Purpose: Drugs used in the treatment of diseases can cause several unwanted systemic side effects. A site-specific drug delivery system can eliminate such consequences by delivering drugs to certain target areas of the body where therapeutic effects are required. Here we present the preparation and evaluation of magnetic nanoparticles of capsaicin, the active ingredient in chili peppers, coated with poly-L-lactide co-glycolide (PLGA), a FDA-approved biodegradable bioavailable polymer.
Methods: PCMN were prepared by solvent-evaporation/coprecipitation technique and their physicochemical and pharmacological characteristics evaluated in vitro. Further, effective pain/inflammation therapeutics of PCMN in a mouse model of inflammation was also studied. We also prepared and evaluated the subcellular localization of PLGA coated fluorescence magnetic nanoparticle (PFMN) in vitro in HEK293 cells.
Results: Transmission electron microscopic images of PCMN showed that the size of the nanoparticles were of the order of 10-20 nm. PCMN showed approximately 9.29% drug loading and 89.15% encapsulation efficiencies. In vitro dissolution studies showed an increased solubility of capsaicin due to the nano-size of the PCMN, while PLGA coating allowed sustained release of capsaicin in vitro. The PCMN also reduced paw edema after injection in mice, and confocal microscopy revealed the successful intracellular localization of PLGA-coated fluorescein magnetic nanoparticles in HEK293 cells.

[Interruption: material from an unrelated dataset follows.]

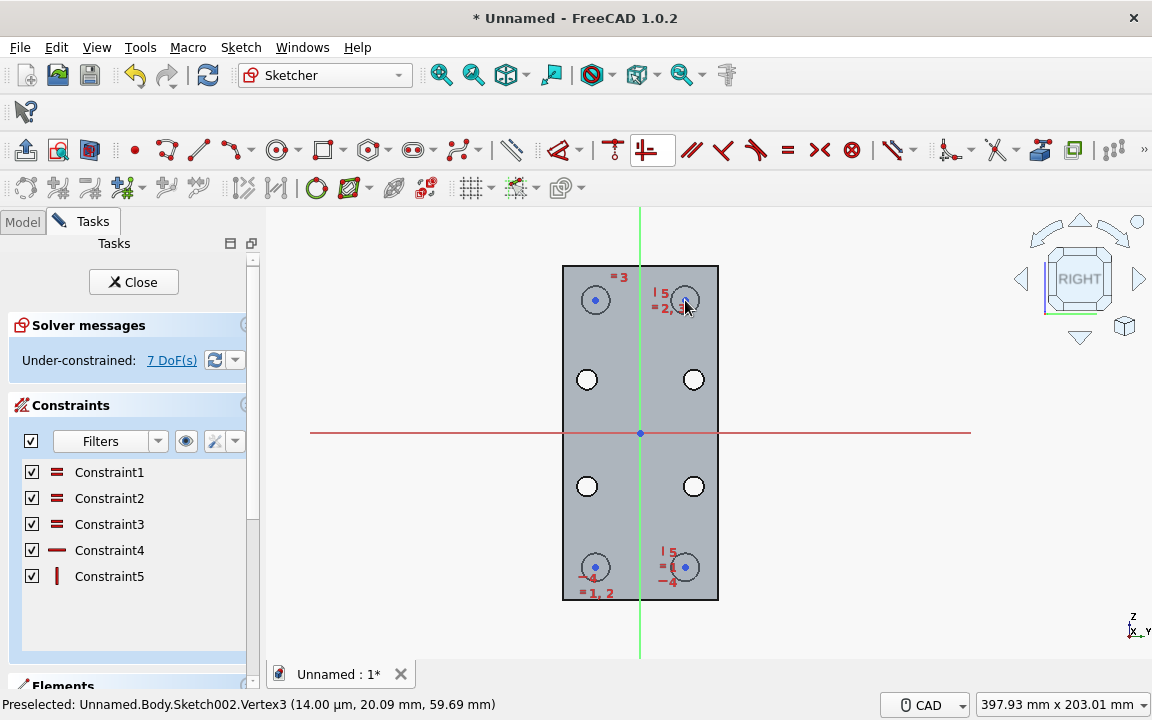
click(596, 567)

Conclusion: The PCMN provided a sustained release of capsaicin in vitro and inhibited carrageenan-induced inflammatory pain in mouse model in vivo. These data suggest that PLGA coating of capsaicin magnetic nanoparticles have the potential to be amenable for a sustained release of capsaicin to relieve pain.
Keywords: PLGA; TRPV1; capsaicin; magnetic nanoparticles; pain.